● Given data:
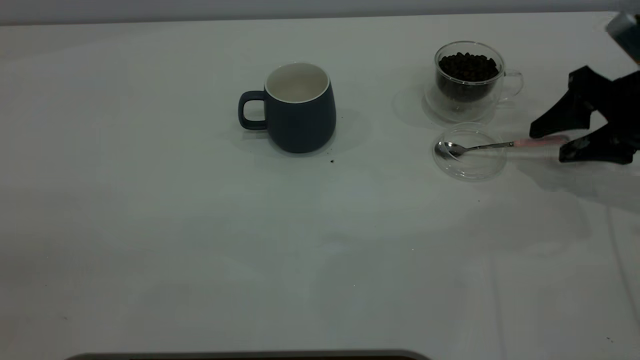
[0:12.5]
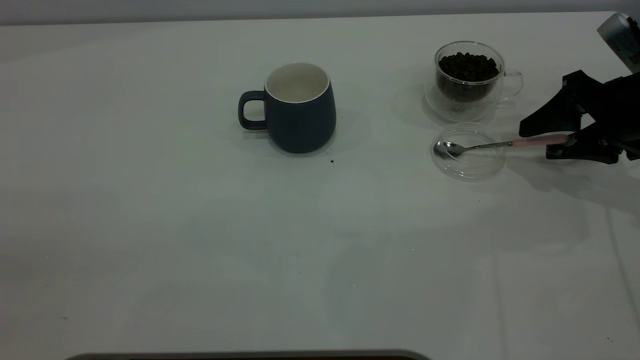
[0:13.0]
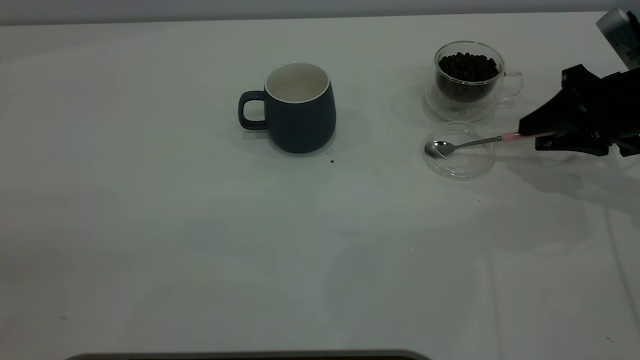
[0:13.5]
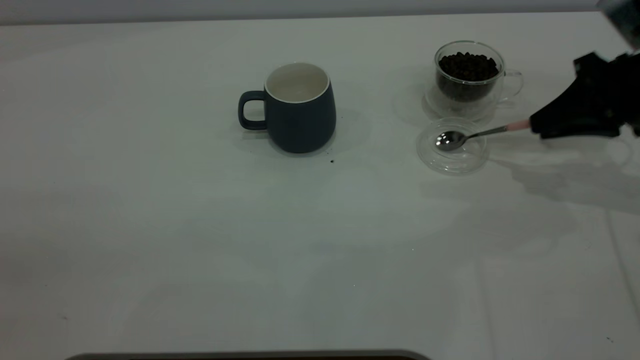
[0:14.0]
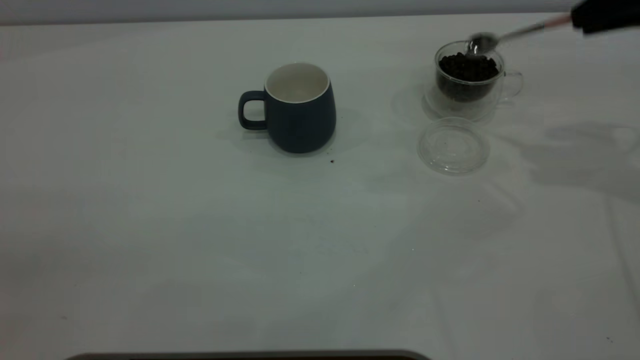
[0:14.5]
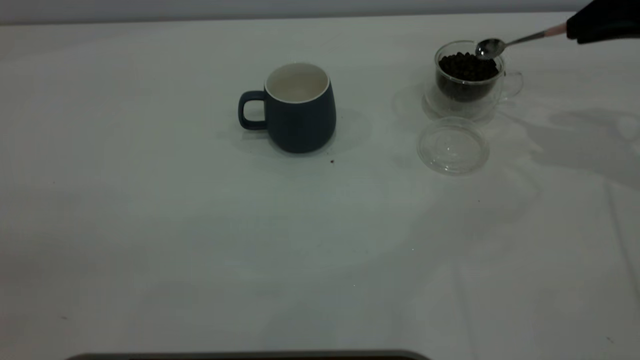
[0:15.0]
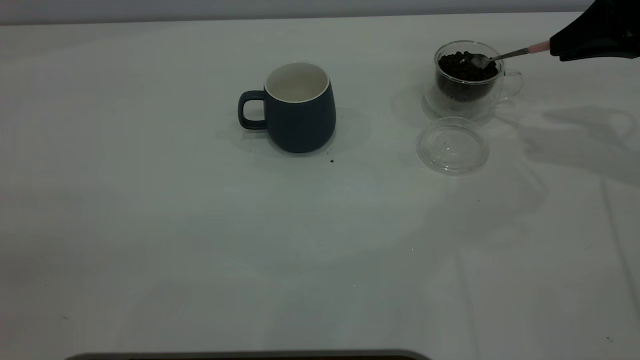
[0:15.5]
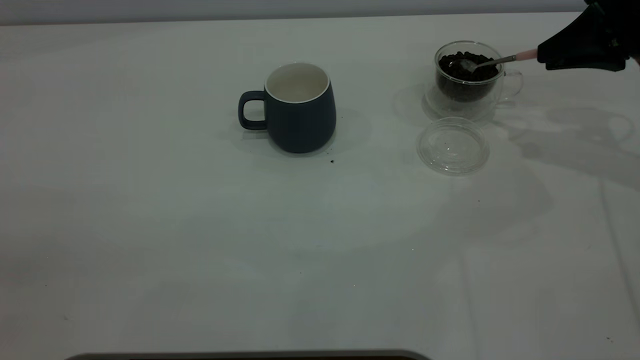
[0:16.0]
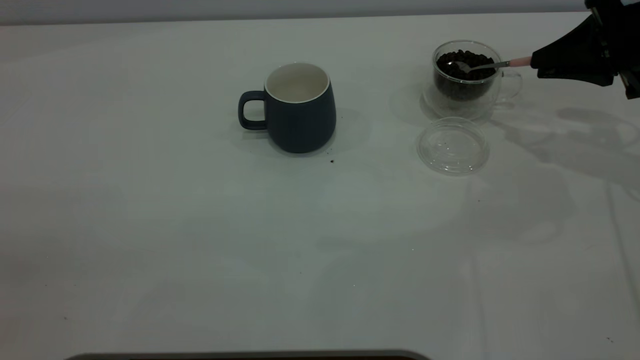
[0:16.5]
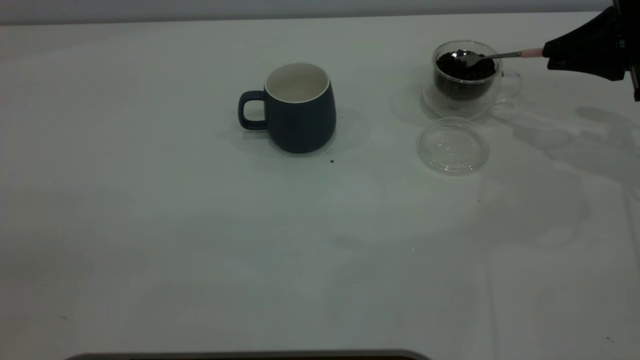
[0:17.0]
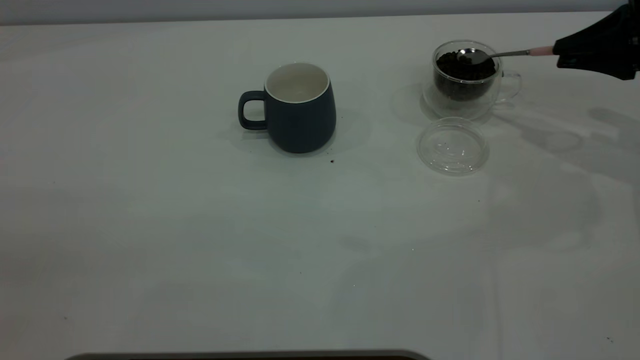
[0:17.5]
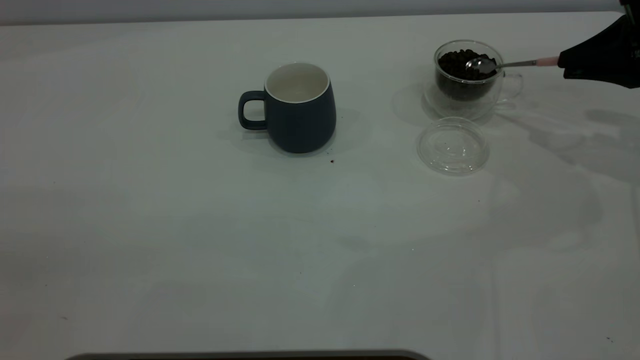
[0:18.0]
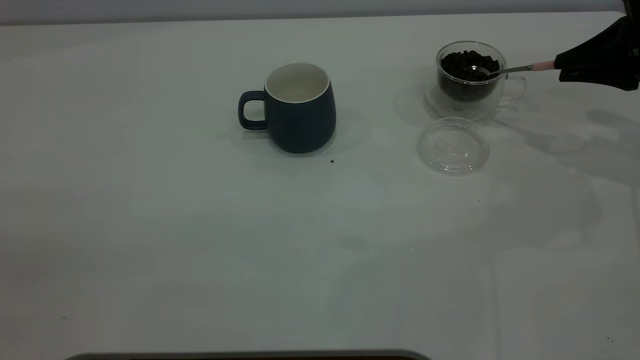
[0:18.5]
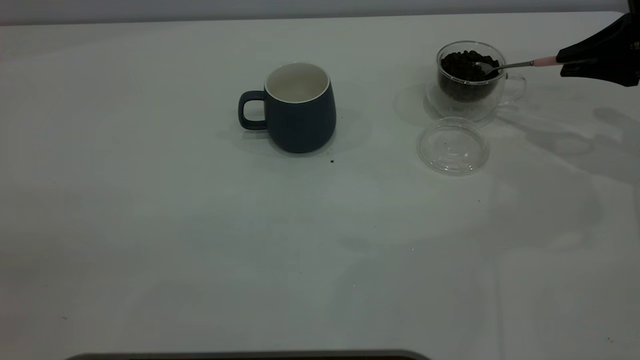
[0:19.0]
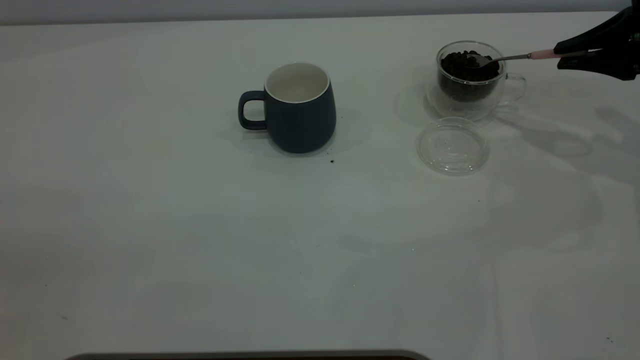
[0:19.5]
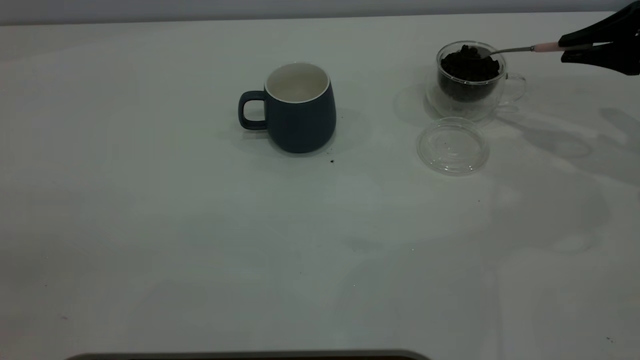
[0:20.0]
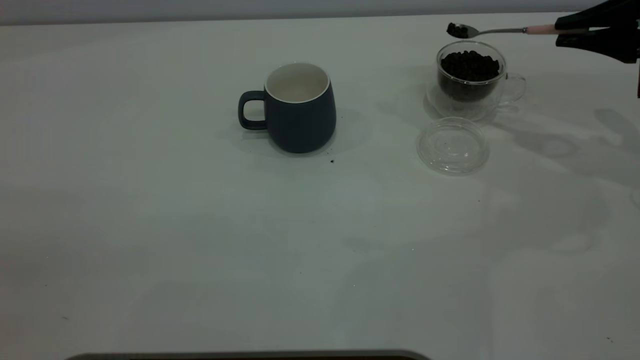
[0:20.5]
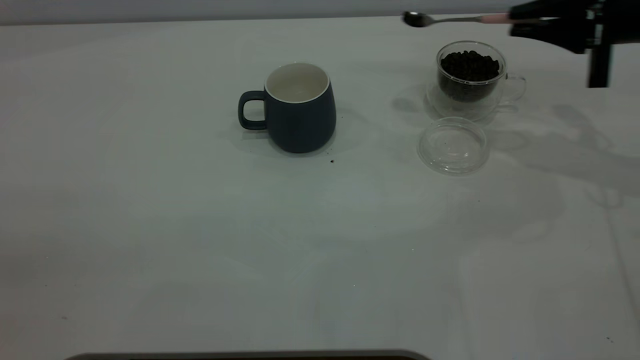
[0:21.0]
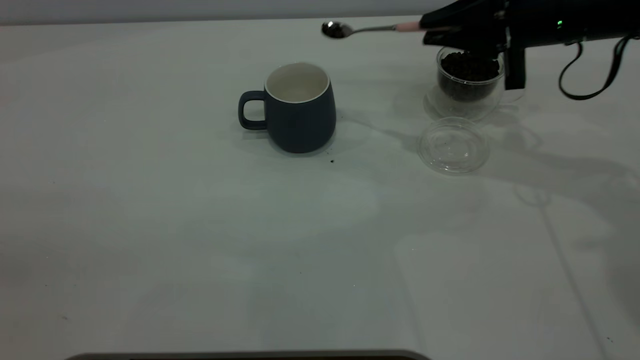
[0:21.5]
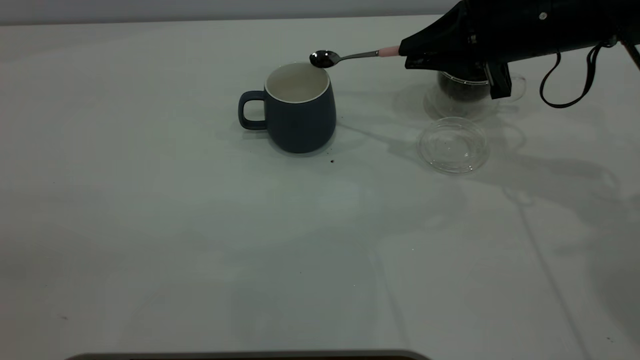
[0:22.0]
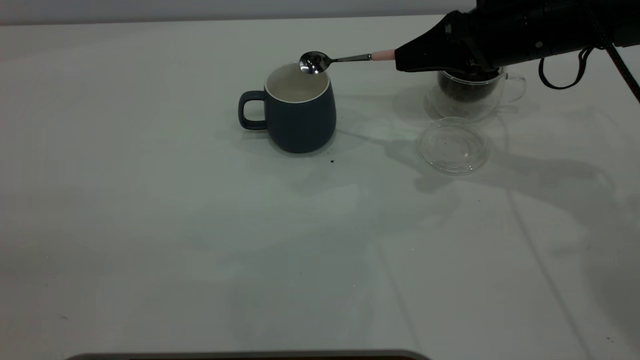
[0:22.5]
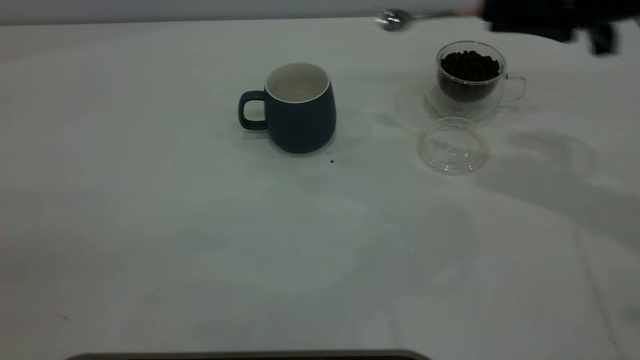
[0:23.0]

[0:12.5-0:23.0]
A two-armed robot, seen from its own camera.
Task of the whole recording: the left gripper place the grey cup in the center of the table, the right gripper take the pink spoon from the cup lid and scoop out the coffee beans from the coffee cup and put them into the grey cup, the right gripper put the spoon back into the cup lid.
Step, 0:14.5 to 0:22.5: Scoop a spoonful of beans into the cup.
0:12.5 to 0:14.5: The right gripper moves upward, about 15 cm, and closes.
0:14.5 to 0:16.5: The right gripper moves downward, approximately 10 cm.
0:16.5 to 0:19.0: The grippers make only small movements.
0:19.0 to 0:21.0: The right gripper heads to the left, covering roughly 5 cm.
0:21.0 to 0:23.0: The right gripper goes approximately 5 cm backward, and travels to the left and back again, roughly 10 cm each way.

● Exercise requirements: Only the pictures may be dropped when you copy the data above; everything else stays exact.

● Response:
[0:12.5]
[0:13.0]
[0:13.5]
[0:14.0]
[0:14.5]
[0:15.0]
[0:15.5]
[0:16.0]
[0:16.5]
[0:17.0]
[0:17.5]
[0:18.0]
[0:18.5]
[0:19.0]
[0:19.5]
[0:20.0]
[0:20.5]
[0:21.0]
[0:21.5]
[0:22.0]
[0:22.5]
[0:23.0]

[0:12.5-0:23.0]
A two-armed robot, seen from its own camera.
Task of the whole recording: the left gripper place the grey cup in the center of the table, the right gripper take the pink spoon from the cup lid and scoop out the coffee beans from the coffee cup and put them into the grey cup, the right gripper put the spoon back into the cup lid.
Step, 0:14.5 to 0:22.5: Scoop a spoonful of beans into the cup.
0:12.5 to 0:14.5: The right gripper moves upward, about 15 cm, and closes.
0:14.5 to 0:16.5: The right gripper moves downward, approximately 10 cm.
0:16.5 to 0:19.0: The grippers make only small movements.
0:19.0 to 0:21.0: The right gripper heads to the left, covering roughly 5 cm.
0:21.0 to 0:23.0: The right gripper goes approximately 5 cm backward, and travels to the left and back again, roughly 10 cm each way.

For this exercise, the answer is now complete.